From medieval attack galleys to AI‑driven catamarans
An old idea dressed in sensors and missiles
A expressão “galé de ataque” pode soar romântica, mas a comparação tem substância. As galés medievais e do início da era moderna eram embarcações longas, de baixo calado, que avançavam ao longo da costa, atacando flancos com velocidade e surpresa. O ponto forte estava menos na blindagem e mais na manobrabilidade e no golpe concentrado.
O MASC repete esse padrão. Em vez de remadores sob o convés, são algoritmos que tratam da navegação, detecção de ameaças e planeamento de rota. Em vez de arqueiros, a carga útil pode incluir mísseis anti‑navio, torpedos leves ou munições de permanência a sair dos tubos de lançamento a alta velocidade.
Tal como as galés, os MASCs são melhor entendidos como predadores oportunistas. Não foram feitos para aguentar um duelo de artilharia com um cruzador. Foram pensados para aparecer onde o adversário se sente relativamente seguro: perto de portos, em torno de rotas logísticas ou junto às margens de ilhas contestadas.
Risks, grey areas and real‑world scenarios
Esta autonomia levanta questões legais e políticas. Quanta decisão pode ser delegada ao software durante uma missão longa? E como prova uma marinha, após um ataque, que um humano se manteve “na cadeia de decisão”?
Um caso de uso provável, numa fase inicial, é vigilância de alto risco em regiões tensas como o Estreito de Ormuz ou o Mar do Sul da China. Um MASC poderia patrulhar rotas de navegação, varrer à procura de minas ou seguir embarcações suspeitas. Se for atacado, a perda é material, não vidas - mas o potencial de escalada é óbvio.
Outro cenário envolve tácticas de saturação.

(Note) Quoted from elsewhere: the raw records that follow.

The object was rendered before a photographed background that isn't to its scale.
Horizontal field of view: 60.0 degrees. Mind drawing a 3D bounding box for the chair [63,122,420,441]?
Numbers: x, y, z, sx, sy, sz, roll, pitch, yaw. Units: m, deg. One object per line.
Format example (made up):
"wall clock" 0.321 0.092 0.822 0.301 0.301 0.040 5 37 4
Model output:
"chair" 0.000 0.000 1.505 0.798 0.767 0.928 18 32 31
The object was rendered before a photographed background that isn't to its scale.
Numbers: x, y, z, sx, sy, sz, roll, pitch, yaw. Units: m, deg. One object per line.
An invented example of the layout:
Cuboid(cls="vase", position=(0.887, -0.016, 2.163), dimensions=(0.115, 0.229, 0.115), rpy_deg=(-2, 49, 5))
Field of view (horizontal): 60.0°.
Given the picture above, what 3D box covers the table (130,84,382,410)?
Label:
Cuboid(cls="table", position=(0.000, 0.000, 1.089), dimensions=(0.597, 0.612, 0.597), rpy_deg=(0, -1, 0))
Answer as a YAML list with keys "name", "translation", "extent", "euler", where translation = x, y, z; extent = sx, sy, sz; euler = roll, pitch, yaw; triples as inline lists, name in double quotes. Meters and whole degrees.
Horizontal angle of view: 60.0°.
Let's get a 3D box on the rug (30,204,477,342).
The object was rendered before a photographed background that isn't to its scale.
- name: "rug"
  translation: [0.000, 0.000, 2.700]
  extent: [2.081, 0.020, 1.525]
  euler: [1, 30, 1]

Num confronto hipotético perto de Taiwan, um grupo de ataque de porta‑aviões dos EUA poderia lançar uma vaga de MASCs à frente dos navios tripulados. Alguns levariam engodos e interferidores, outros mísseis reais. Radares e comandantes inimigos teriam dificuldade em distinguir alvos de alto valor de drones mais baratos até ser tarde demais.
Key terms and concepts worth unpacking
What “autonomy” really means at sea
Na linguagem naval, “autónomo” raramente significa pensamento totalmente independente. Em geral, descreve sistemas capazes de cumprir rotas pré‑planeadas, evitar colisões, gerir combustível e adaptar-se a mudanças básicas - mau tempo, tráfego próximo - sem condução humana passo a passo.
Decisões de nível mais alto, sobretudo sobre o uso de força letal, ficam normalmente reservadas a operadores remotos. Esses operadores podem supervisionar várias embarcações ao mesmo tempo, intervindo apenas quando as regras de empenhamento exigem julgamento humano.
Why mines and submarines fear small USVs
Para submarinos e campos de minas, pequenas embarcações não tripuladas são uma dor de cabeça crescente. Um meio silencioso e relativamente barato como o MASC pode rebocar conjuntos de sonar ou largar pequenos drones subaquáticos para mapear uma área. Repetir isso dia após dia aumenta as probabilidades de detectar um submarino oculto ou minas escondidas.
Ao mesmo tempo, usar embarcações não tripuladas para desminagem ou ASW de proximidade reduz o risco para os marinheiros. Essa redução de risco é um dos argumentos mais fortes usados pelas marinhas quando defendem estes programas junto de políticos e do público.
Combinados com drones aéreos e dados de satélite, os MASCs passam a integrar uma rede em camadas de vigilância e ataque. Cada camada, isoladamente, parece gerível. Em conjunto, esticam a atenção do adversário, as defesas aéreas e as unidades de guerra electrónica - exactamente o efeito estratégico que os planeadores norte‑americanos procuram.